I coerced Papa Pea into helping me dig up two rows of the potato patch this morning. These were the two rows that had gotten hit especially hard with blight and had virtually no vines left so I knew the potatoes in the soil weren't going to be doing any more growing.

I had dug up a portion of one of these rows a week or so ago to get some potatoes to eat because we haven't had any for ever so long, and I had a real hankering for some potato salad, plus my dear hubby had been dropping hints about how long it had been since we had had mashed potatoes and gravy.
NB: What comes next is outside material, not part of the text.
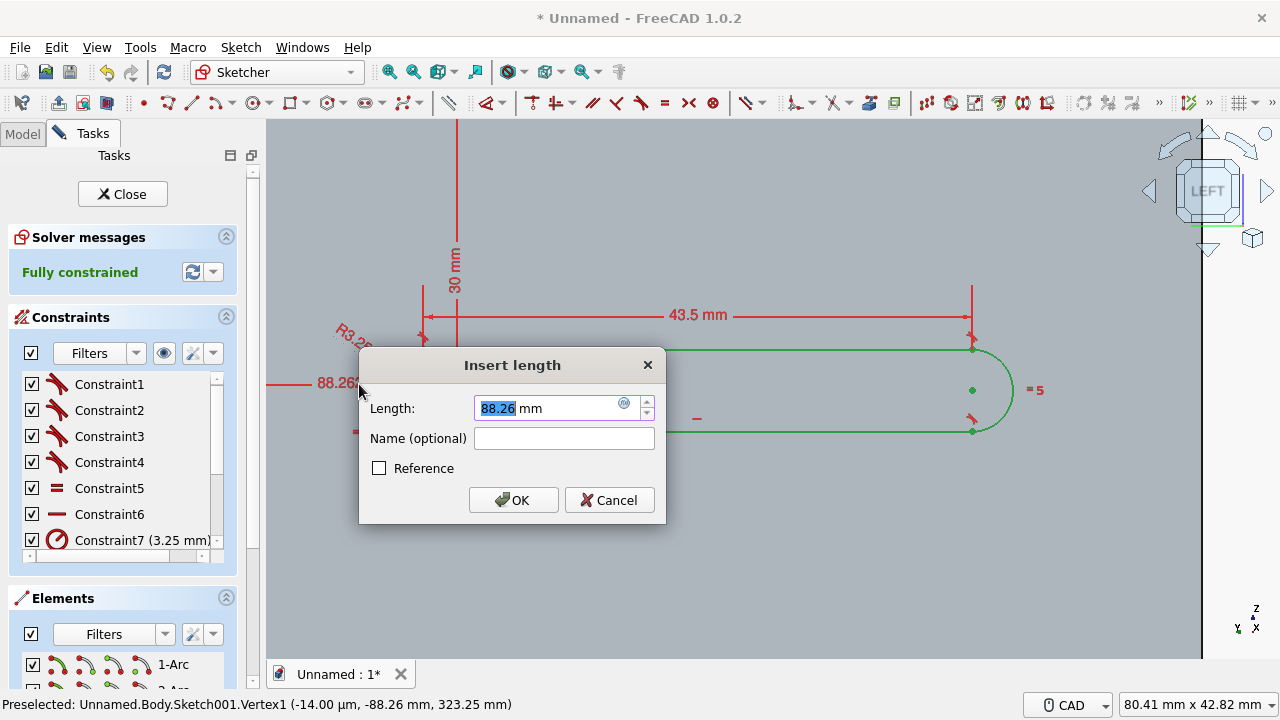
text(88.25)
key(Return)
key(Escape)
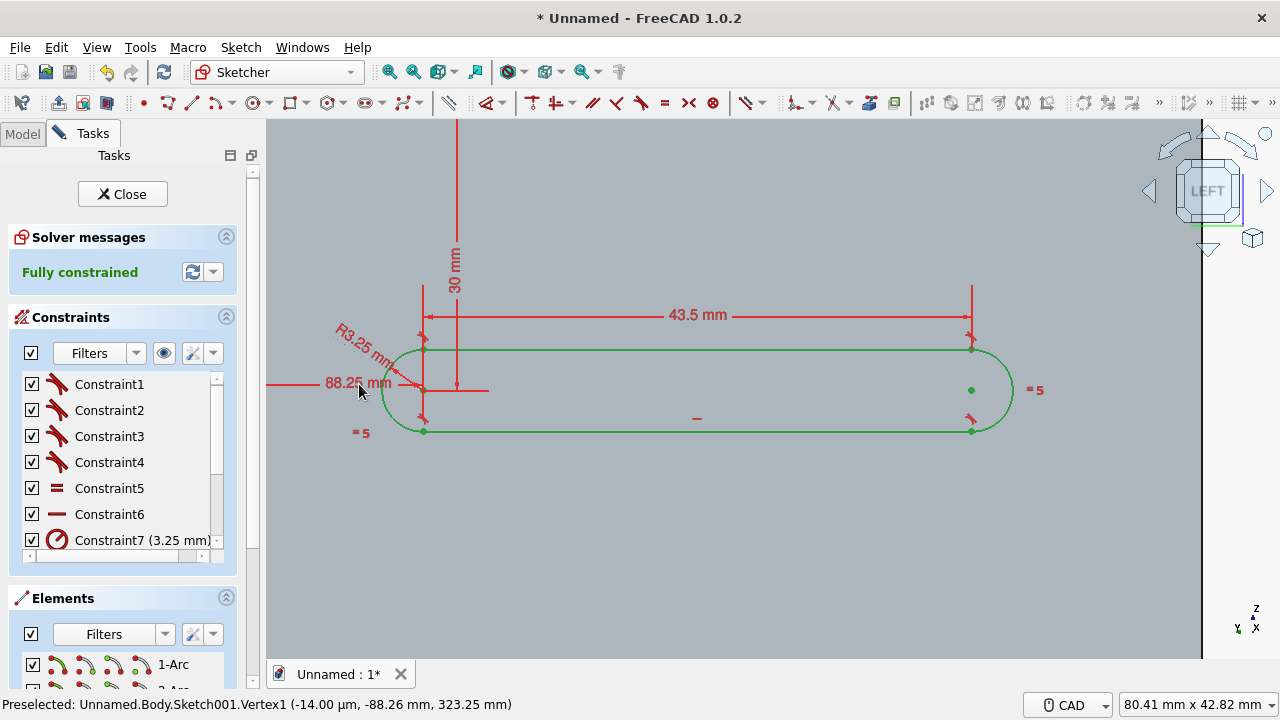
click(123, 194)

Potatoes have been selling at our organic co-op in town for $1.99 a pound and knowing I had some in the garden kept me from paying that. (I did get my potato salad after he got a meal of Swiss Steak, Mashed Potatoes and Gravy and Green Beans.)

I had taken 2-1/2 pounds when I raided the patch the other day and this morning we harvested another 9-1/2 pounds. So we got a total of 12 pounds from two rows each approximately 15 feet long. Admittedly, not a very good harvest.

The potatoes we sampled last week were solid, crisp and good flavored so these should be the same. The size has been disappointing though. I have a LOT of golf ball sized ones and only maybe three that I would call big. The rest are small to medium.

Now it'll be interesting to see what the other four rows in the patch yield. They will be our main crop of keepers for the winter . . . or as far into the winter as they will take us, so I'll leave them in the soil for a while yet.

18 comments:

  1. That's interesting, Mama Pea. I have delved into my hillbilly planters and the range in size of my Yukon golds is wild. I had two spuds that were the size of a large fist, but most were smallish. My reds had a much better yield and were uniform in size, for the most part. I'll have to say, you and Papa Pea lasted a lot longer than I did. I just HAD to dig some up last month!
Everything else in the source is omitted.